As part of our editorial process, every new collection is subjected to review by leading academics and experts. We would like to thank the following people for their advice and support:

Professor Simon Ball

Chair of International History & Politics University of Leeds  https://ahc.leeds.ac.uk/history/staff/571/simon-ball
Professor Simon Ball is the Chair of International History and Politics at the University of Leeds. Professor Ball's research is concentrated on five interrelated themes: the Cold War; the Second World War; the legacy of the First World War; assassination in international politics; and security & intelligence in the twentieth century. He is also the editor of 'War in History' and sits on the editorial boards of 'Intelligence & National Security' and 'Diplomacy & Statecraft'.

Dr. David Kaufman

Lecturer in History & Programme Director, MSc in History University of Edinburgh  https://www.ed.ac.uk/history-classics-archaeology/history/about/staff-profiles/profile_tab1_academic.php?uun=dkaufman
Dr David Kaufman has been a Lecturer in History in the School of History, Classics and Archaeology the University of Edinburgh since 2012. His main area of research is British foreign policy towards Eastern Europe in the era of the Great War. He has written on the Paris Peace Conference and is presently researching the link between revisionism and reparations in the 1920s.

Professor Gaynor Johnson

Professor of International History University of Kent  https://www.kent.ac.uk/history/people/399/johnson-gaynor
Professor Gaynor Johnson studied History at the University College of North Wales, now Bangor University, where she received her BA and PhD. There, she developed an interest in international history, in particular the role of ambassadors in the conduct of British foreign policy in the first half of the 20th century.

Dr. Stefan Hördler

Research Assistant Georg-August-Universität Göttingen  https://www.uni-goettingen.de/de/dr.+stefan+h%C3%B6rdler/614254.html
Dr Stefan Hördler graduated with a Ph.D. phil. from the Department of History at Humboldt University, Berlin, in 2012. He is currently a research assistant at Georg-August-Universität Göttingen, as well as the Director of the Mittelbau-Dora Concentration Camp Memorial. In addition, Dr Hördler serves on the Advisory Board of the Holocaust Exhibition & Learning Center at the University of Huddersfield.

Emma King

Director Holocaust Heritage and Learning Centre  https://www.hud.ac.uk/news/2018/september/holocaust-centre/
Emma King is a museum professional with 17 years of practitioner and consultancy experience across national, independent, and local authority organisations. Ms King currently serves as the Director of the Holocaust Heritage and Learning Centre at University of Huddersfield.

Dr.
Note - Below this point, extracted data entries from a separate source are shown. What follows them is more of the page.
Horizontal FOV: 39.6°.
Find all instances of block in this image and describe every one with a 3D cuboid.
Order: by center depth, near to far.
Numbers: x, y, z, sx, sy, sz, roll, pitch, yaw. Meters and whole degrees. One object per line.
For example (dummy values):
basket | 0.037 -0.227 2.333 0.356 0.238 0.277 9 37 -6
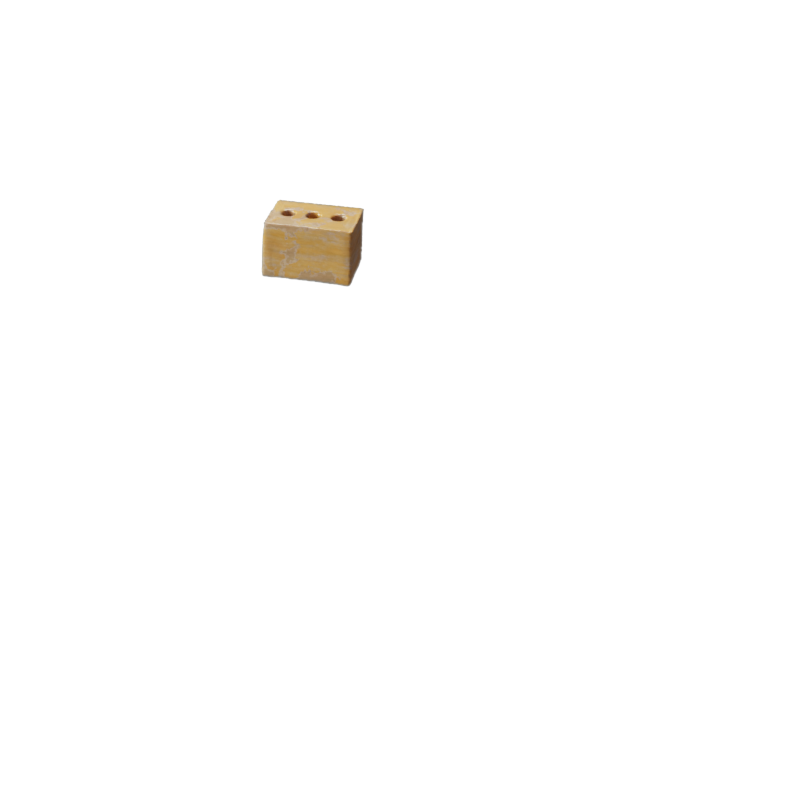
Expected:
block | -0.074 -0.134 0.942 0.079 0.048 0.055 7 31 10

Stephen Twigge

Head of Modern Collections The National Archives (UK)  https://www.nationalarchives.gov.uk/about/our-research-and-academic-collaboration/our-research-and-people/staff-profiles/dr-stephen-twigge/
Dr Stephen Twigge is the Head of Modern Collections at The National Archives (UK). Dr Twigge is a fellow of the Royal Historical Society, a member of the Arts and Humanities Research Council’s Peer Review College, and sits on the Editorial Board of Archives, the journal of the British Records Association. He has published a number of books and articles on the Cold War and has made regular media appearances to discuss record releases at The National Archives.

David Renton

Historian Haldane Society of Socialist Lawyers
David Renton is a British historian, barrister, and author. Renton has written a number of books, including 'Fascism, Anti-Fascism and the 1940s' and 'Fascism: Theory and Practice'.

Benjamin Holt

PhD candidate University of Leeds  https://ahc.leeds.ac.uk/history/pgr/1352/benjamin-holt
Benjamin Holt is a PhD candidate at the University of Leeds. His thesis concerns the impact of small arms proliferation in the North East region of India during the 19th and 20th centuries.

Professor Kevin Morgan

Professor of Politics and Contemporary History University of Manchester  https://www.research.manchester.ac.uk/portal/kevin.morgan.html
Kevin Morgan is the Professor of Politics and Contemporary History at the University of Manchester and recipient of an AHRC Fellowship for the project ‘Communism and the cult of the leader’. Professor Morgan is also the editor of the journal 'Twentieth Century Communism' and a trustee of the Communist Party of Great Britain Archives Trust and the Working Class Movement Library.

Dr. Bleddyn Bowen

Lecturer in International Relations University of Leicester  https://www2.le.ac.uk/departments/politics/people/dr-bleddyn-bowen
Bleddyn Bowen is a lecturer in International Relations at the School of History, Politics, and International Relations at the University of Leicester, where he convenes the International Relations and World Order Masters course. His first book, ‘War in Space’, was published by Edinburgh University Press in 2020. Dr. Bowen also provided evidence to the UK Parliament on the impact of Brexit on UK-EU space policy and the Galileo satellite navigation system.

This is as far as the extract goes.